Jurnal AKRAB Vol. 3 No. 3 (2012): Desember 2012
Publisher : Direktorat Pendidikan Masyarakat dan Pendidikan Khusus, Direktorat Jenderal PAUD, Pendidikan Dasar, dan Pendidikan Menengah

Show Abstract | Download Original | Original Source | Check in Google Scholar | DOI: 10.51495/jurnalakrab.v3i3.239

Abstract

Abstrak Tujuan dari penelitan ini adalah untuk mengetahui hubungan efikasi diri dengan minat berwiirausaha karyawan saat memasuki masa purnabakti. Populasi penelitian adalah tenaga kependidikan di UNJ yang bukan pimpinan dan saat ini tidak memiliki usaha yang menjadi sumber penghasilan. Pengambilan sampel dilakukan dengan menggunakan metode acak, khususnya teknik acak sederhana. Teknik Analisis yang digunakan adalah teknik analisis statistik deskriptif, korelasi dan regresi linier sederhana. Merujuk pada temuan pada analisis deskriptif variabel penelitian, beberapa indikator dari efikasi diri yang direspon rendah oleh responden adalah mampu menciptakan produk yang unik, memiliki hemampuan untuk meyakinkan investor; dan mampu membangun kepercayaan investor.
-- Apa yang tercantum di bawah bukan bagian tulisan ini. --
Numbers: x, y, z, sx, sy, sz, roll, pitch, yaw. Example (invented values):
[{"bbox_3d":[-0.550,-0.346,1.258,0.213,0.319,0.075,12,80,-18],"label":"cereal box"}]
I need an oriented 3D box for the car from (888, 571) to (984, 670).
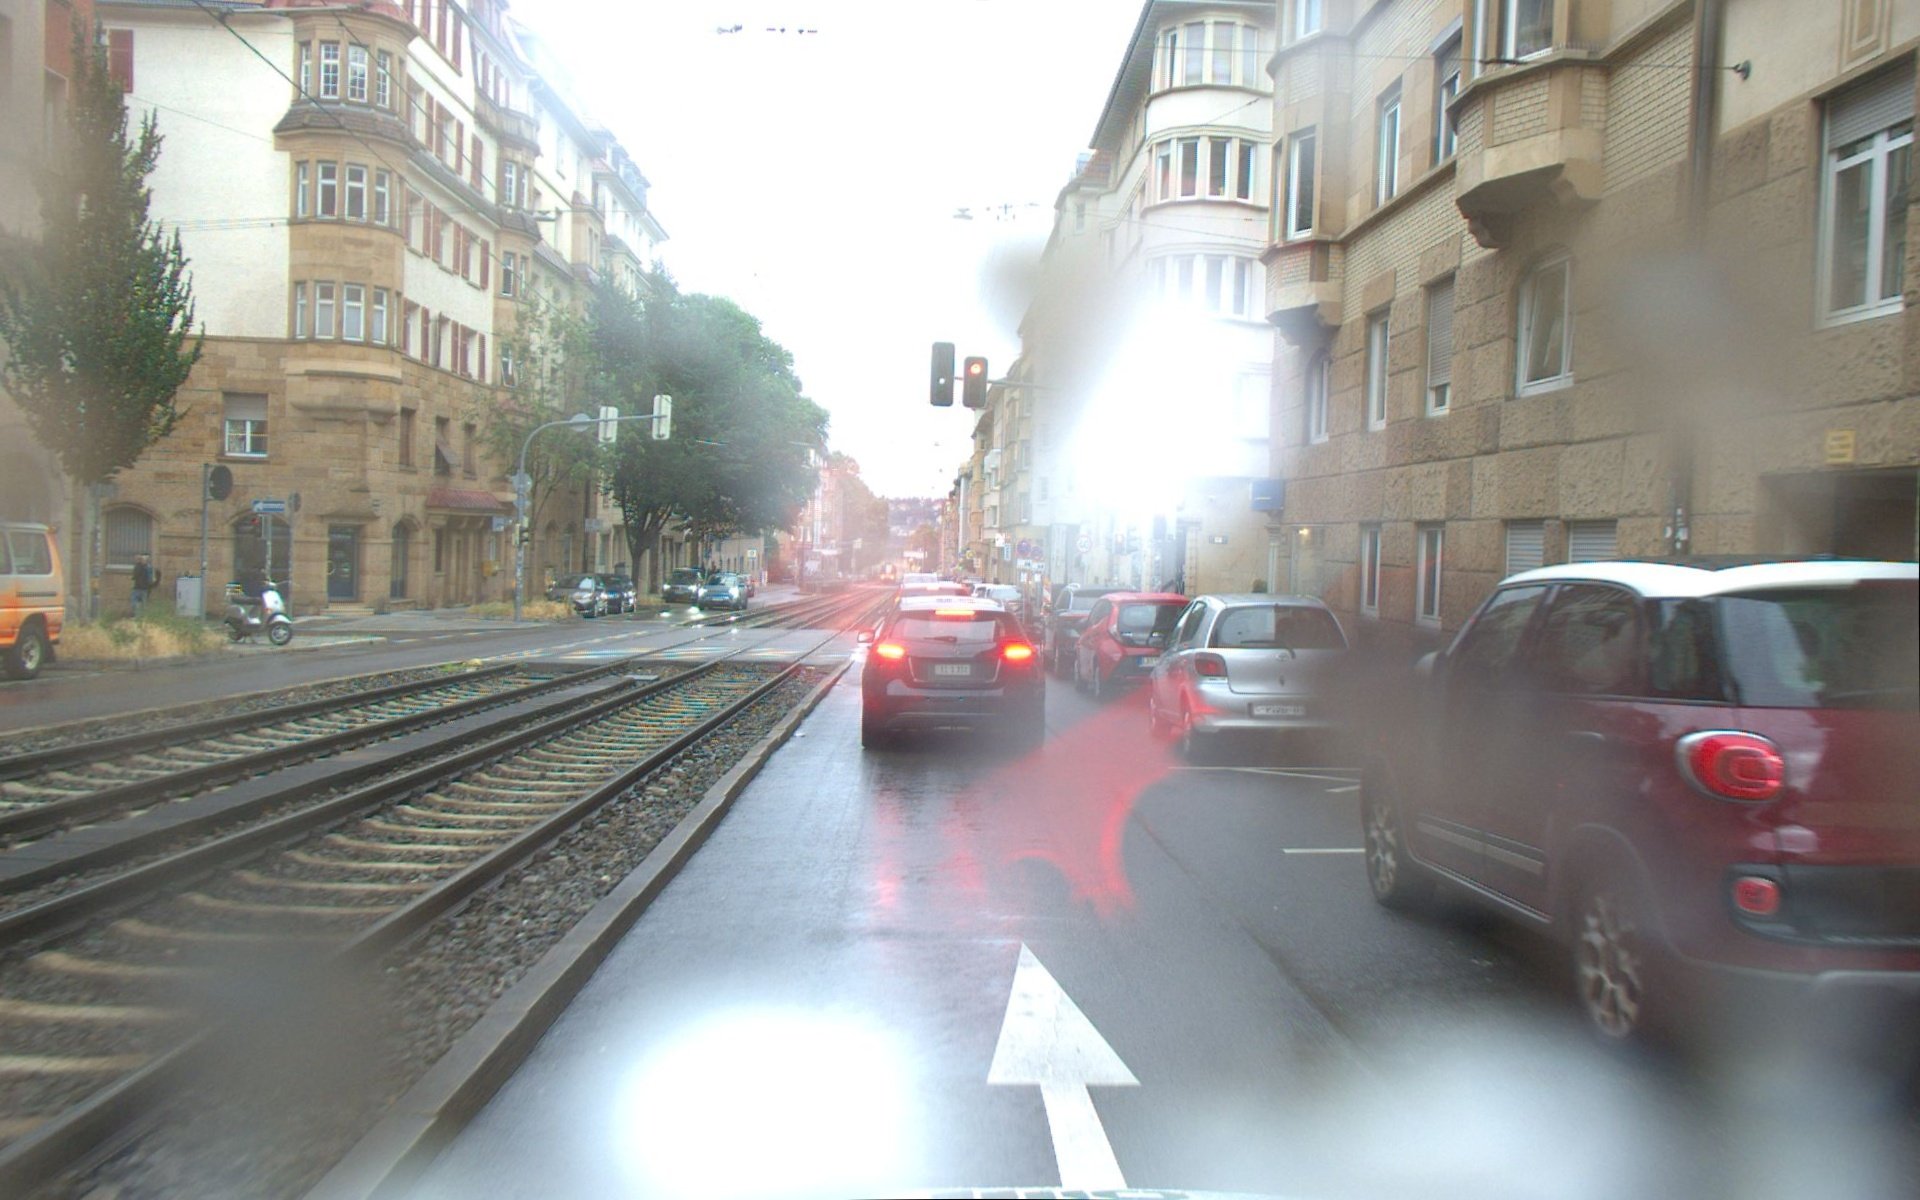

Berdasarkan uraian deskriptif tentang karakteristik responden, beberapa temuan antara lain: relative sedikitnya jumlah responden yang telah memasuki masa purnabakti dan tetap diperbantukan sebagai karyawan; terkait dengan jenjang pendidikan responden, sebagian responden memiliki jenjang pendidikan menengah atas, dan diduga kurikulum SMA belum memasukkan kewirausahaan sebagai bagian dari kompetensi yang harus dikembangkan pada saat mereka menempuh pendidikan; pada kelompok pengeluaran di bawah Rp. 1 juta sampai dengan kelompok pengeluaran Rp. 3-3,99 juta, terdapat tren pengeluaran yang meningkat seiring dengan meningkatnya usia, dengan rata­rata waktu menjelang pensiun ketiga kelompok tersebut adalah 15 tahun dan diasumsikan laju pertumbuhan inflasi adalah 8% per' tahun, maka pengeluaran responden akan meningkat 2,17 kali lipat saat mereka memasuki masa purnabakti; sebagian responden hanya memiliki satu sumber penghasilan, mayoritas responden dalam kelompok ini sudah berkeluarga dan diduga memiliki pasangan yang tidak bekerja; responden yang memiliki lebih dari 2 sumber penghasilan hanya 1,4% responden. Dalam pengujian hipotesis, seluruh persyaratan penggunan teknik analisis terpenuhi. Hasil uji Hipotesis mendukung dugaan awal terdapatnya hubungan antara efikasi diri dan minat berwirausaha. Berdasarkan hasil penelitian dan pembahasan, dapat disimpulkan: 1) secara umum dapat dideskripikan bahwa responden memiliki tingkat efikasi dan minat berwirausaha yang relatif tinggi, dan 2) terdapat hubungan positif antara efikasi diri dengan minat berwirausaha. Sebesar 266% variasi nilai minat berwirausaha dijelaskan oleh efikasi diri.